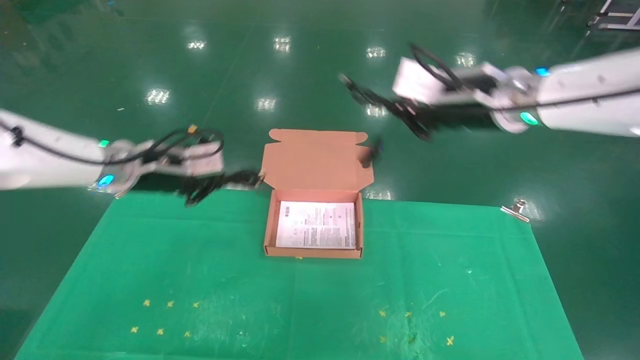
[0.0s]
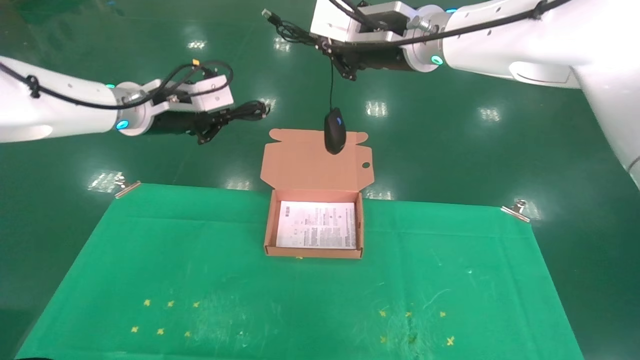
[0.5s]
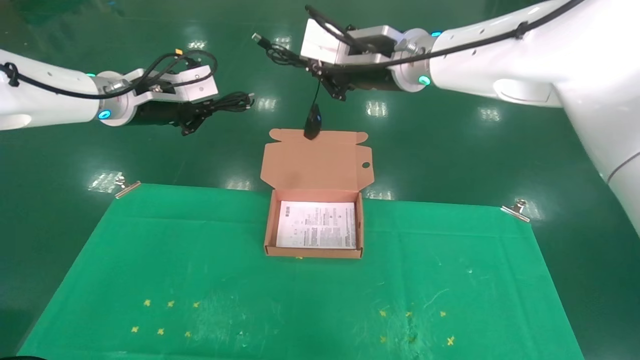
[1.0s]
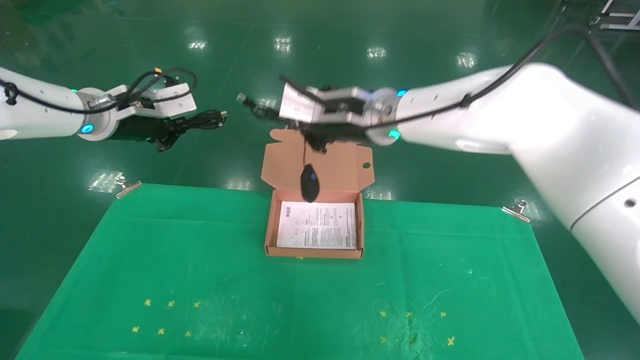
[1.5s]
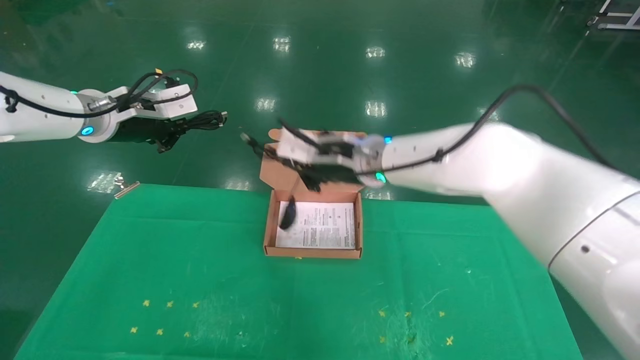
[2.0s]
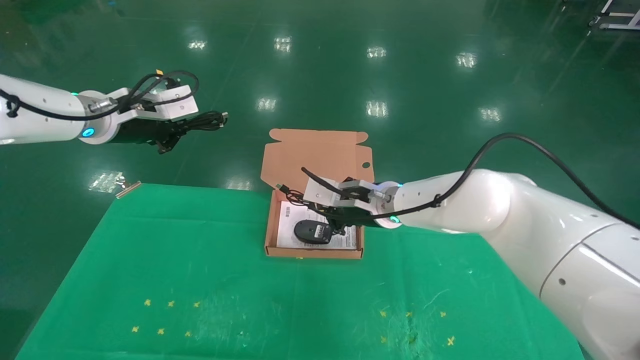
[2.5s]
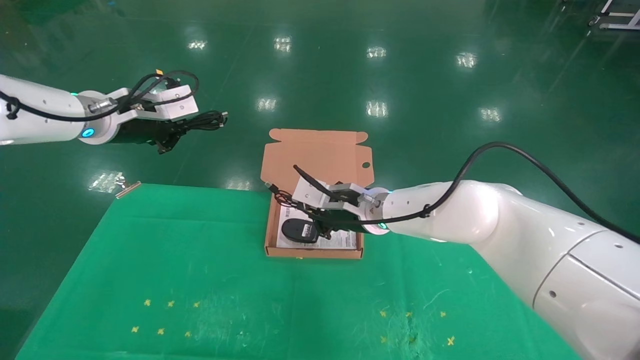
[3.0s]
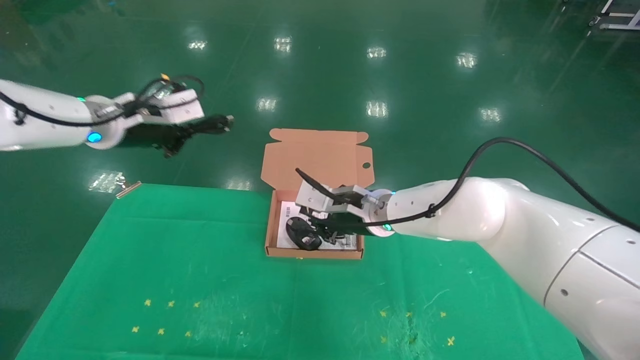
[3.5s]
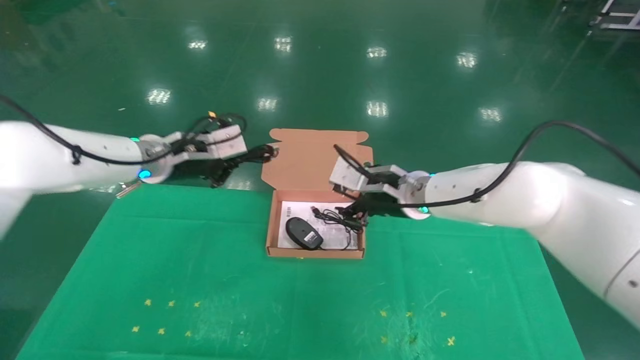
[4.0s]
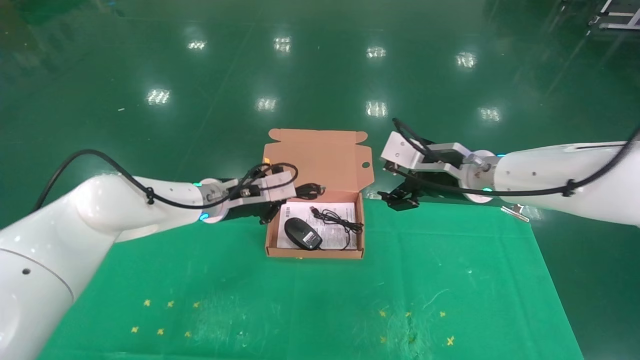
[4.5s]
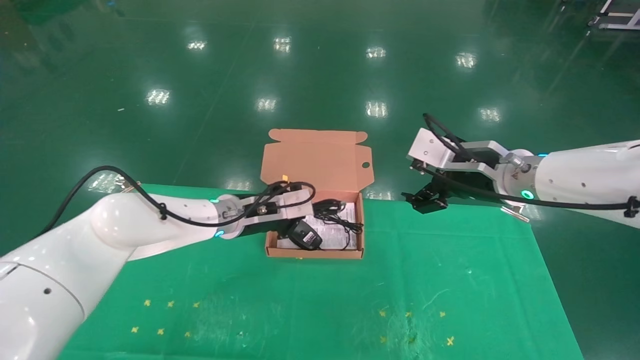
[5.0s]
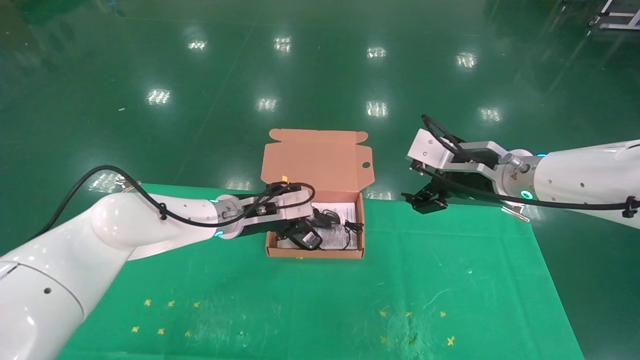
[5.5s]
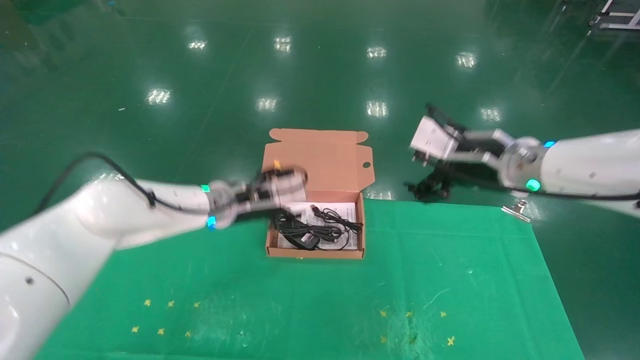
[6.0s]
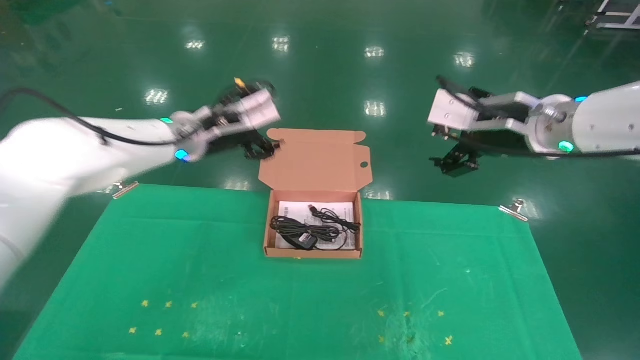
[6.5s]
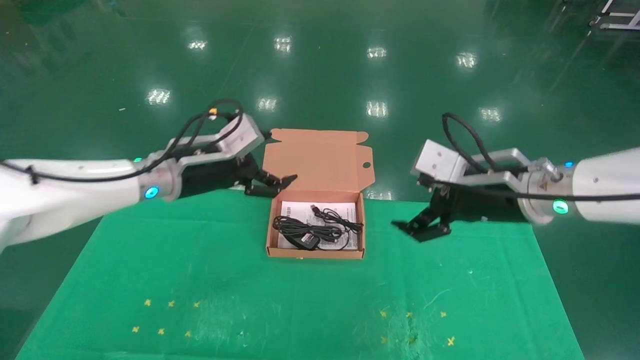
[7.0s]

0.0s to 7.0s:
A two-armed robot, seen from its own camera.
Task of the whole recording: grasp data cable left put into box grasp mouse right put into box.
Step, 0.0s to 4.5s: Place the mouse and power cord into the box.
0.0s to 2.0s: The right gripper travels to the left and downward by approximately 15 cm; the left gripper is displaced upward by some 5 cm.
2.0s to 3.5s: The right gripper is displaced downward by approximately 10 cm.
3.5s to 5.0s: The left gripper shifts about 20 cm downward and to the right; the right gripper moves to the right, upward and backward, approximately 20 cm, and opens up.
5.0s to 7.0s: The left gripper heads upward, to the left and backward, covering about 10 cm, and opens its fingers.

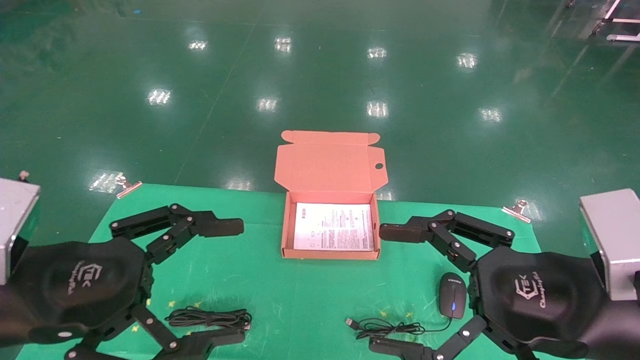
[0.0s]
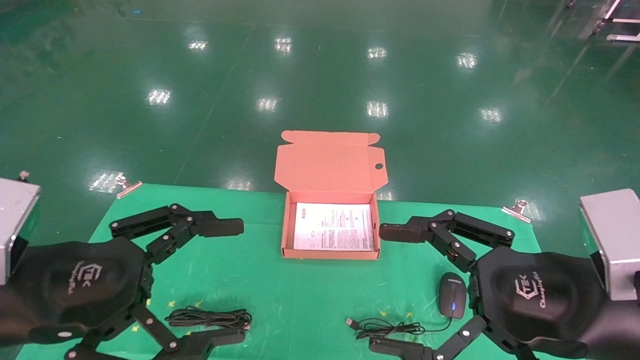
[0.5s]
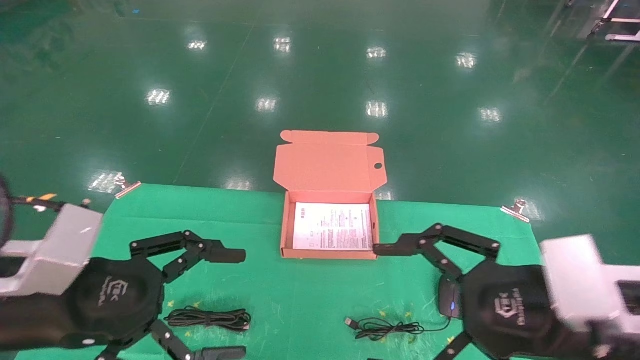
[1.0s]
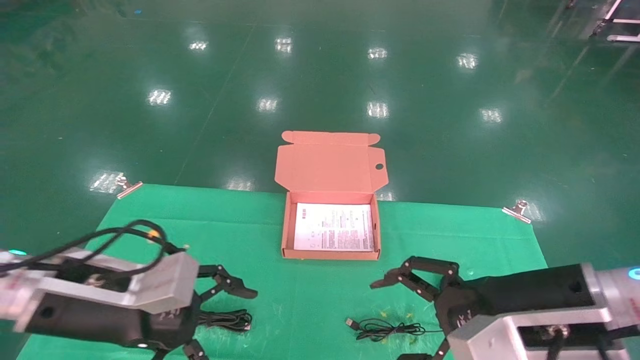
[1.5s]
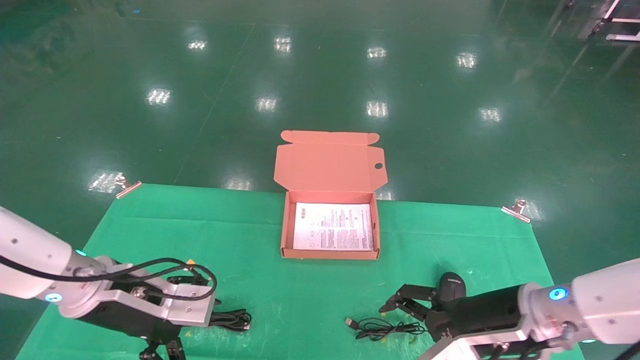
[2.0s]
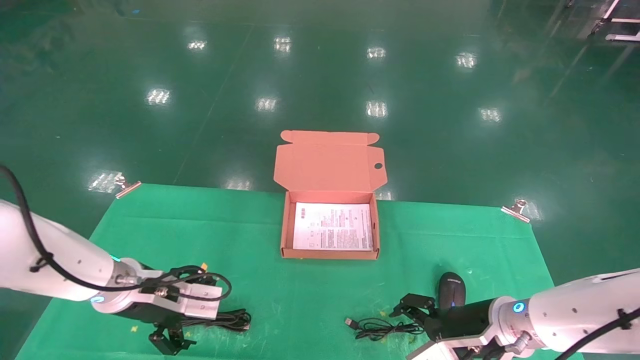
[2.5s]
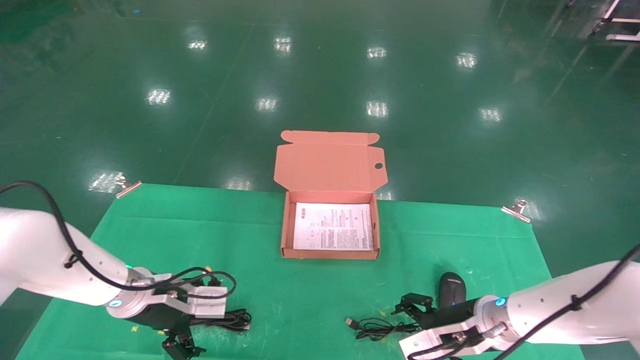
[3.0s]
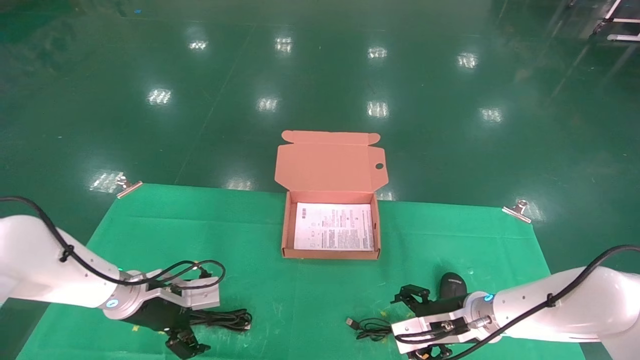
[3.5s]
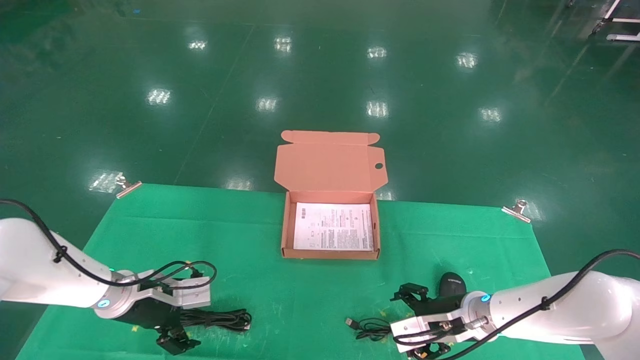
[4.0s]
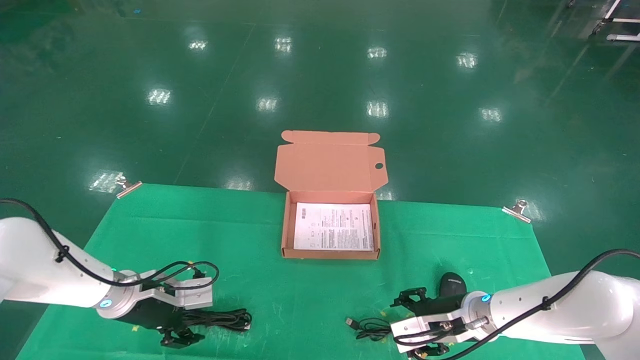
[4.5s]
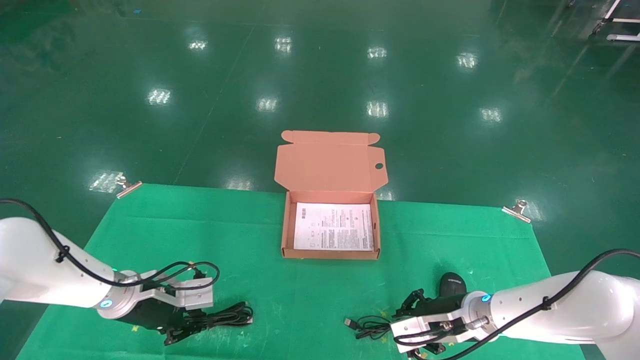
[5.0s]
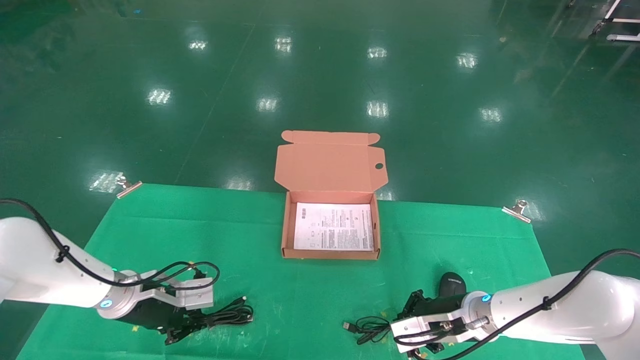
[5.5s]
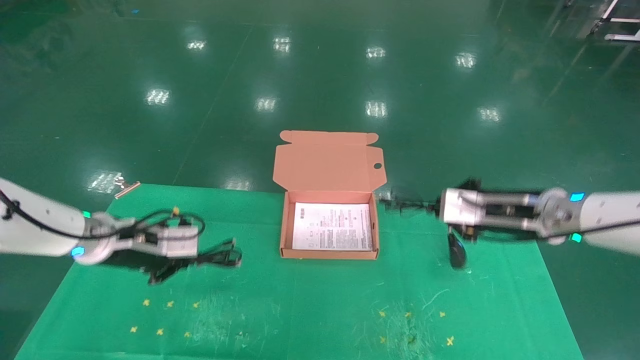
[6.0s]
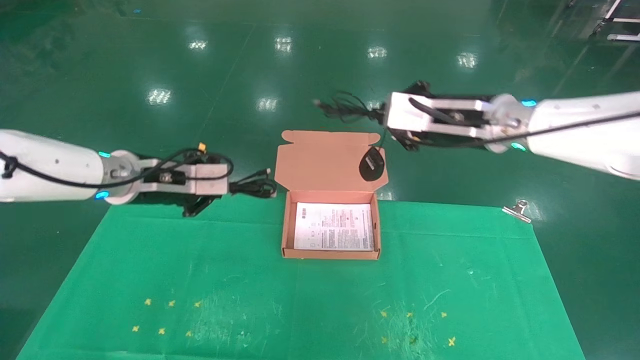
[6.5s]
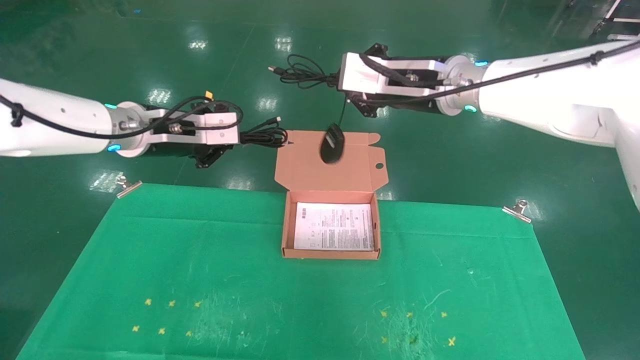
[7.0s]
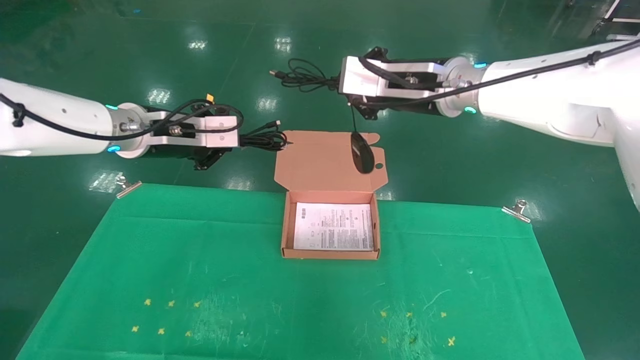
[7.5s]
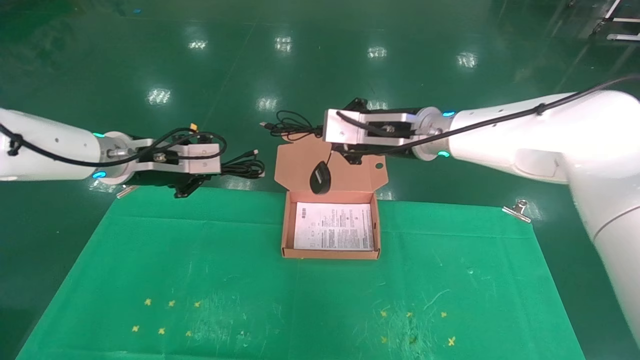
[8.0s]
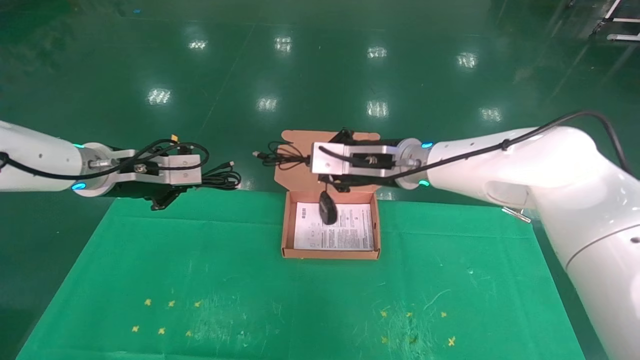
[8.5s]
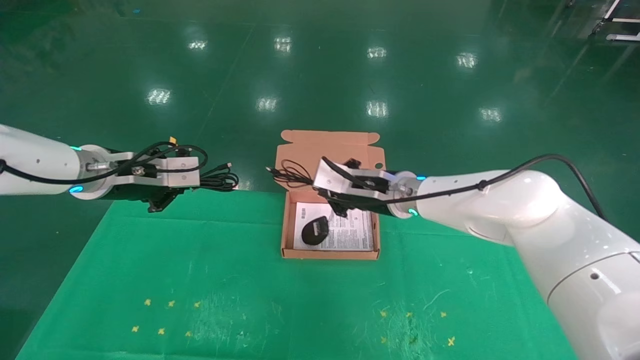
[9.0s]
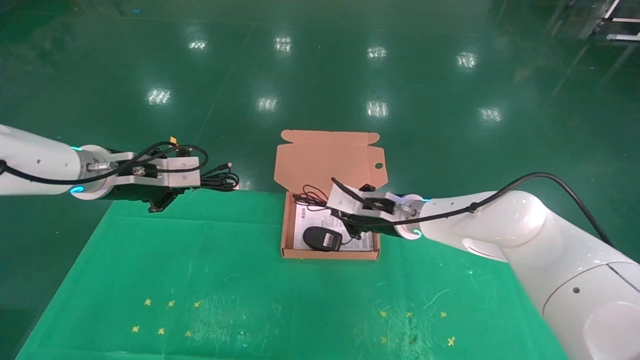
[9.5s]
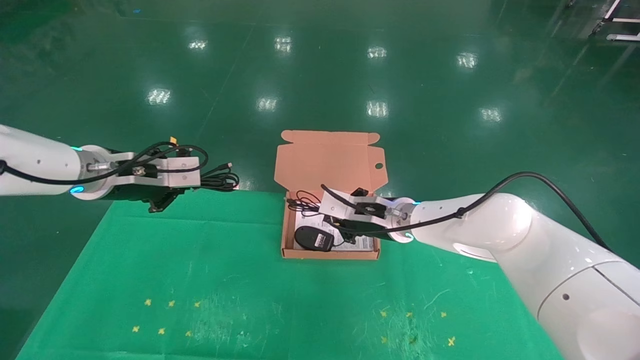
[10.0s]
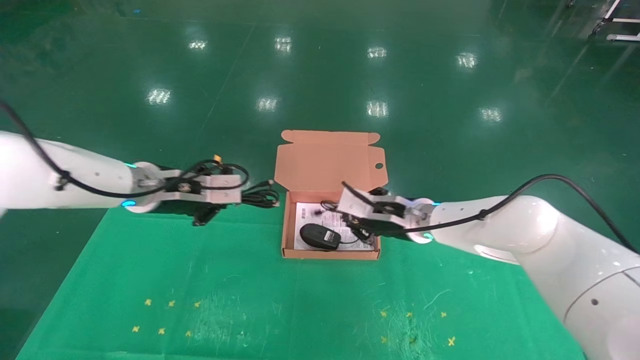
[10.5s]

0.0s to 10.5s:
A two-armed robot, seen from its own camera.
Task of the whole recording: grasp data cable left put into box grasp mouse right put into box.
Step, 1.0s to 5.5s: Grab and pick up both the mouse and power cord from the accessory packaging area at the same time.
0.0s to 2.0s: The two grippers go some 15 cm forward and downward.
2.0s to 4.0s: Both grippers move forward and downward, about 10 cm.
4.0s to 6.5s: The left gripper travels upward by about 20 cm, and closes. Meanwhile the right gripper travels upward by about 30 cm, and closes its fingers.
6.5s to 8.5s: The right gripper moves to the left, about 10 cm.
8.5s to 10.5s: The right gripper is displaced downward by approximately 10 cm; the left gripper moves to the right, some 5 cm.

**WHAT IS BEING ASKED:** Copy all the entries word for word. Omit any pictures.

**YOUR SOLUTION:**
[0.0s]
[0.5s]
[1.0s]
[1.5s]
[2.0s]
[2.5s]
[3.0s]
[3.5s]
[4.0s]
[4.5s]
[5.0s]
[5.5s]
[6.0s]
[6.5s]
[7.0s]

0.0s to 7.0s:
A two-armed robot, seen from its own camera.
Task of the whole recording: grasp data cable left put into box grasp mouse right put into box.
Step, 0.0s to 4.5s: Place the mouse and power cord into the box.
0.0s to 2.0s: The right gripper travels to the left and downward by approximately 15 cm; the left gripper is displaced upward by some 5 cm.
2.0s to 3.5s: The right gripper is displaced downward by approximately 10 cm.
3.5s to 5.0s: The left gripper shifts about 20 cm downward and to the right; the right gripper moves to the right, upward and backward, approximately 20 cm, and opens up.
5.0s to 7.0s: The left gripper heads upward, to the left and backward, covering about 10 cm, and opens its fingers.

[0.0s]
[0.5s]
[1.0s]
[1.5s]
[2.0s]
[2.5s]
[3.0s]
[3.5s]
[4.0s]
[4.5s]
[5.0s]
[5.5s]
[6.0s]
[6.5s]
[7.0s]
[7.5s]
[8.0s]
[8.5s]
[9.0s]
[9.5s]
[10.0s]
[10.5s]

0.0s to 10.5s:
A two-armed robot, seen from its own camera.
Task of the whole recording: grasp data cable left put into box grasp mouse right put into box.
Step, 1.0s to 5.5s: Grab and pick up both the mouse and power cord from the accessory packaging area at the same time.
0.0s to 2.0s: The two grippers go some 15 cm forward and downward.
2.0s to 4.0s: Both grippers move forward and downward, about 10 cm.
4.0s to 6.5s: The left gripper travels upward by about 20 cm, and closes. Meanwhile the right gripper travels upward by about 30 cm, and closes its fingers.
6.5s to 8.5s: The right gripper moves to the left, about 10 cm.
8.5s to 10.5s: The right gripper is displaced downward by approximately 10 cm; the left gripper moves to the right, some 5 cm.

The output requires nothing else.